Recent conversations have included transforming the notorious apartments into condos. However, Loden said NDC will leave the decision up to McCarty architects.
“Our board has been split on what to do with that property,” Loden said.
Loden and other NDC board members have been hesitant to reveal too much information about the city-funded project until property sales are complete, worried that too much information could influence efforts to buy property identified with the project.
The Tupelo City Council allocated close to $3 million for the project during Jack Reed Jr.’s administration as an effort to reverse trends of blighted neighborhoods in the city. Project funding is split for costs associated with buying property and infrastructure and aesthetic improvements in the area. After some houses bought are demolished, the NDC intends to sell the property to private developers to build houses for young families and retirees valued in the $90,000 to $120,000 range, Loden said.
Houses sold recently among the real estate included in the redevelopment project were bought in the $17,000 to $20,000 range, Loden said, a steep decline from the roughly $70,000 houses in the area sold for as recently as a decade ago.
Reed said during his time as mayor that he hoped the West Jackson Street project could serve as a pilot project for others throughout the city. Desirable affordable housing has remained a nagging concern for community leaders. It also was among the reasons citied by elected and informal leaders in Tupelo when 2010 Census data showed nearly flat growth in the city while northern suburbs experienced a significantly larger spike in population growth.
Reed and other proponents of multiple neighborhood revitalization efforts say the city would benefit by taxpayer investments through increased property taxes paid for new housing, along with creating more housing options for people who might consider moving outside of the Tupelo.
Loden said property acquisition for the redevelopment project will likely end in the current fiscal year, while infrastructure improvements will continue through the 2015 fiscal year. Along with the apartment complex, the city or NDC has bought a handful of properties in the area, including land at 905, 1103, 1105 and 1124 West Jackson Street, and 1105 and 1117 Chapman Drive.
While current Mayor Jason Shelton supports the West Jackson Street redevelopment effort, don’t expect similar projects during his time in office. He said he’s generally against using tax dollars to buy real estate but approves of the West Jackson Street project because crime and blight had seeped so much into the major city corridor between the Tupelo Regional Airport and downtown.
“I don’t think we should dip into our reserve funds to make real estate transactions,” Shelton said Friday. “With that said, I’m firmly convinced the West Jackson project is a great thing and will benefit the city of Tupelo.”
Instead of taking part of the city’s $18.5 million in unrestricted reserves for neighborhood redevelopment, Shelton plans to ask the City Council to approve a plan using part of the tax dollars to pay down existing city debt.
Shelton said most people in the city agree that some neighborhoods have declined but they don’t agree on how to solve the problem. Opposed to future city tax dollars for neighborhood property purchases, he instead favors programs that favor tax credits, abatements and incentives for property owners to improve their houses and land.

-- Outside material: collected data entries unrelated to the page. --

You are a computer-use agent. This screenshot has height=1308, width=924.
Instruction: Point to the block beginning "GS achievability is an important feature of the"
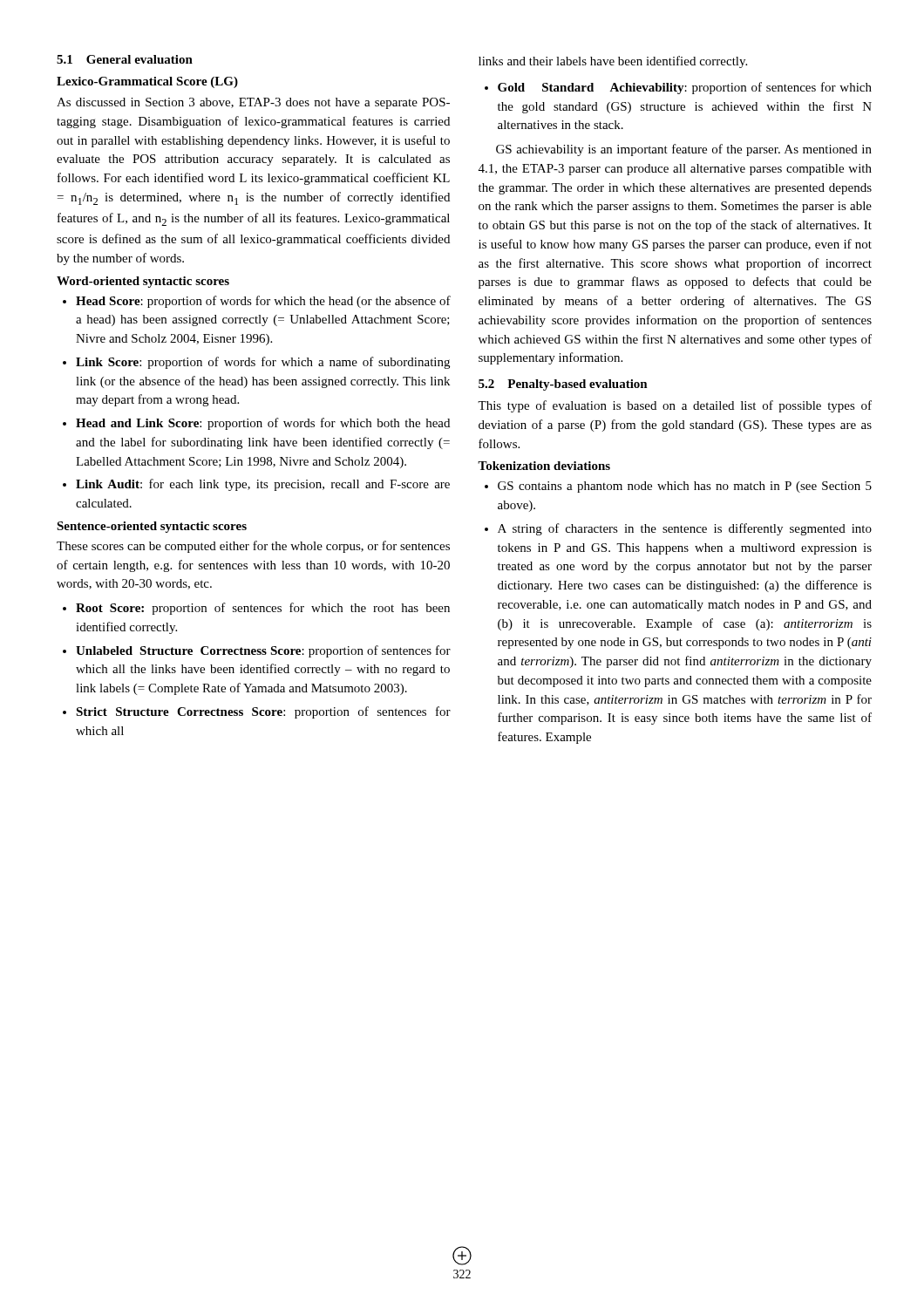click(675, 254)
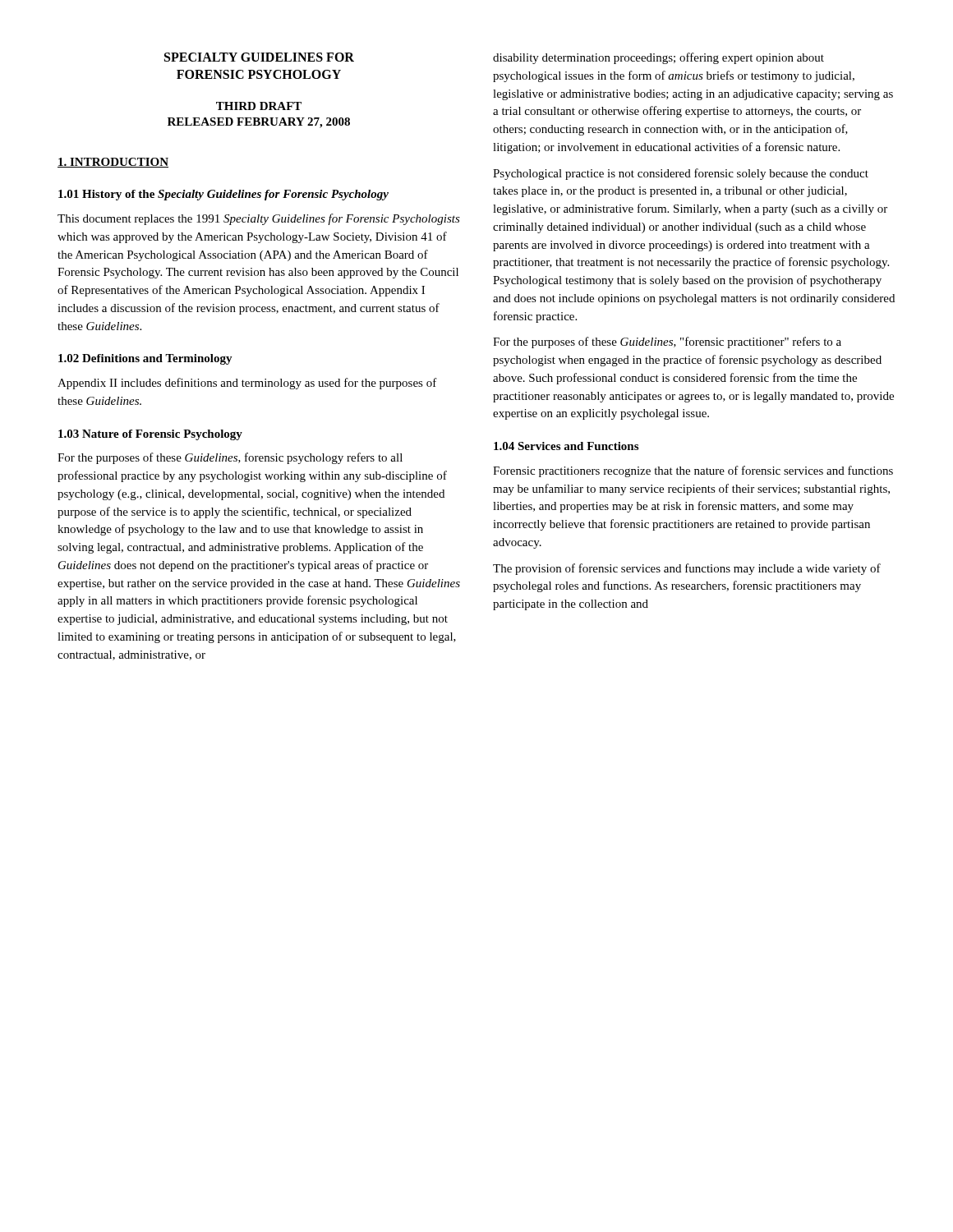Locate the block starting "THIRD DRAFTRELEASED FEBRUARY 27, 2008"
Screen dimensions: 1232x953
[x=259, y=114]

Shelton has informally discussed efforts with Community Development Foundation officials to find alternative plans to property acquisitions to help improve neighborhoods. However, the mayor said no formal meetings are scheduled.
He said no timetable exists for him to come up with a firm plan to improve Tupelo neighborhoods, but he wants a solution that balances needs of the community with what the city can afford.
“Any way you slice it, you’re talking about expenditures of city money or revenue not coming into the city,” Shelton said. “I want to do something financially sound that will work.”